▸ DATA BLOCK
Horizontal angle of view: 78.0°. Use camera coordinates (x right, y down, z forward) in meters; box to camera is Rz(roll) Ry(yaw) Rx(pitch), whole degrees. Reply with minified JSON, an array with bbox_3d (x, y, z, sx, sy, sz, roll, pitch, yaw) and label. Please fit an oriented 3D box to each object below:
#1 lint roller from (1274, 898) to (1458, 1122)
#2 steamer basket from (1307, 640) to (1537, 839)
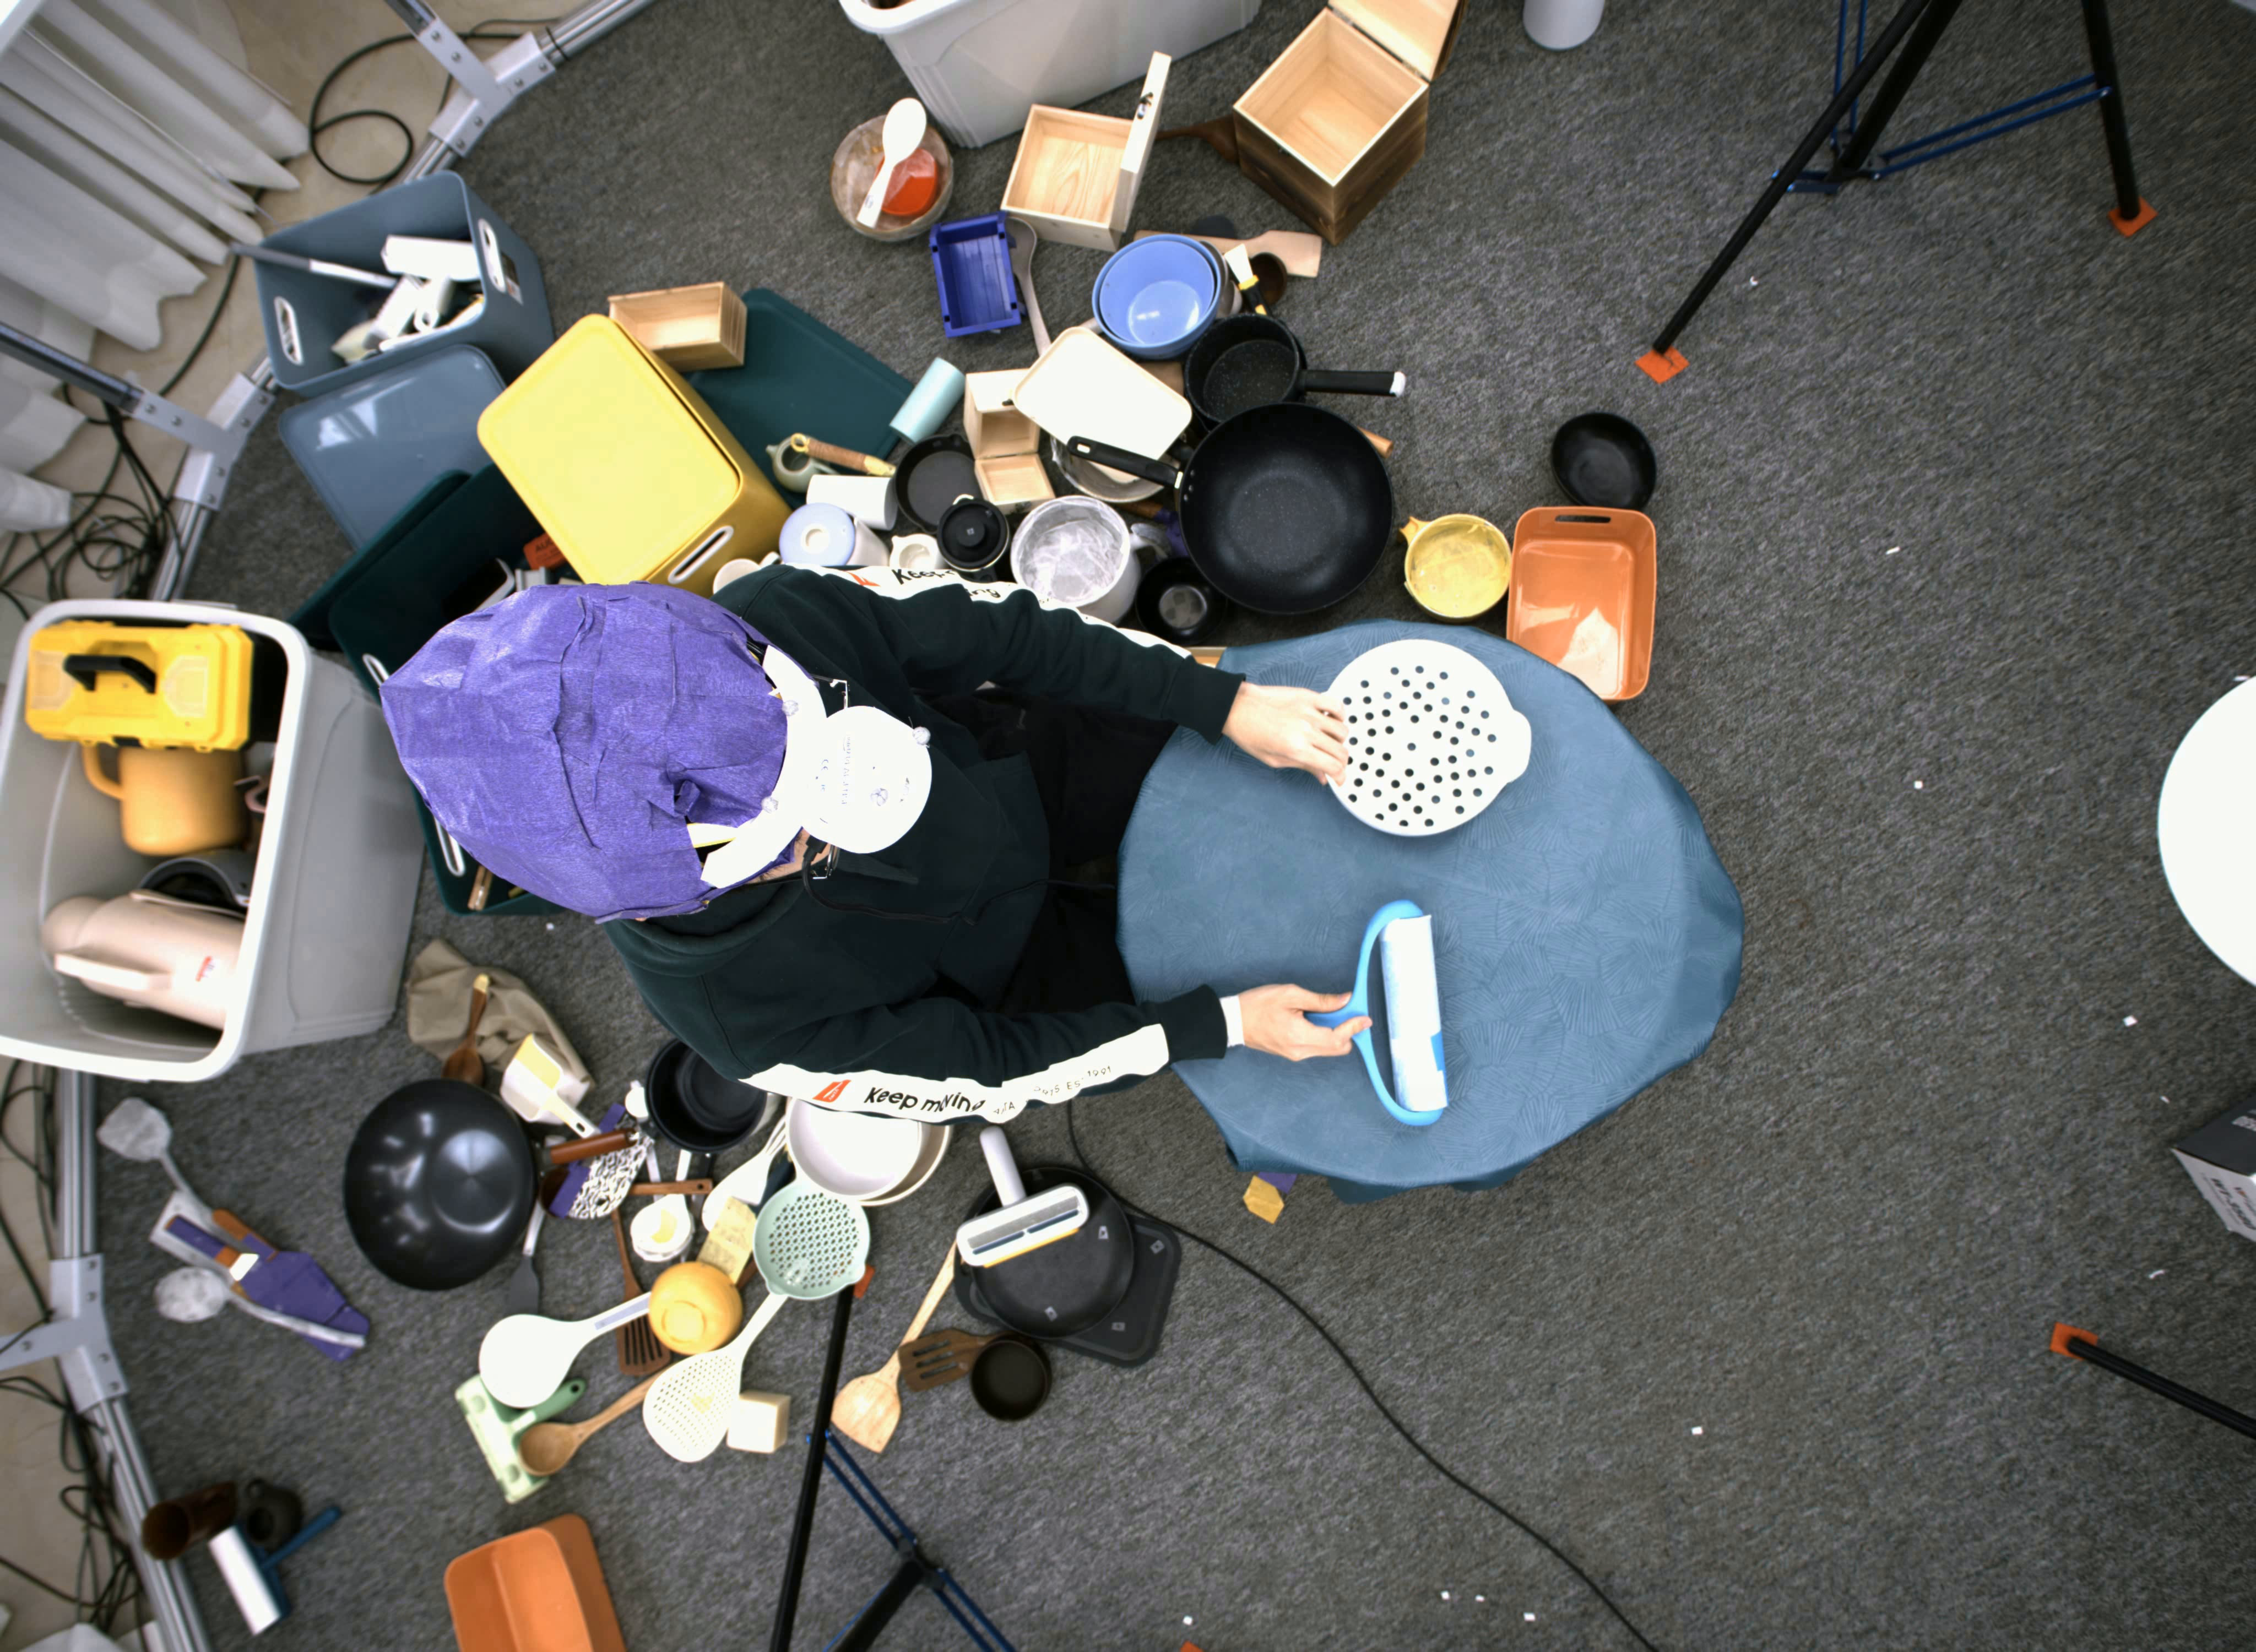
[{"bbox_3d":[0.236,0.196,1.413,0.181,0.067,0.229,-11,93,12],"label":"lint roller"},{"bbox_3d":[0.300,-0.089,1.418,0.231,0.069,0.200,6,83,9],"label":"steamer basket"}]

▸ THE PROBLEM
Copy every line of the data word for word, omitting the images.

▸ ANSWER TO THIS PROBLEM
Horizontal angle of view: 78.0°. Use camera coordinates (x right, y down, z forward) in meters; box to camera is Rz(roll) Ry(yaw) Rx(pitch), whole degrees. Reply with minified JSON, an array with bbox_3d (x, y, z, sx, sy, sz, roll, pitch, yaw) and label. Please fit an oriented 3D box to each object below:
#1 lint roller from (1274, 898) to (1458, 1122)
#2 steamer basket from (1307, 640) to (1537, 839)
[{"bbox_3d":[0.236,0.196,1.413,0.181,0.067,0.229,-11,93,12],"label":"lint roller"},{"bbox_3d":[0.300,-0.089,1.418,0.231,0.069,0.200,6,83,9],"label":"steamer basket"}]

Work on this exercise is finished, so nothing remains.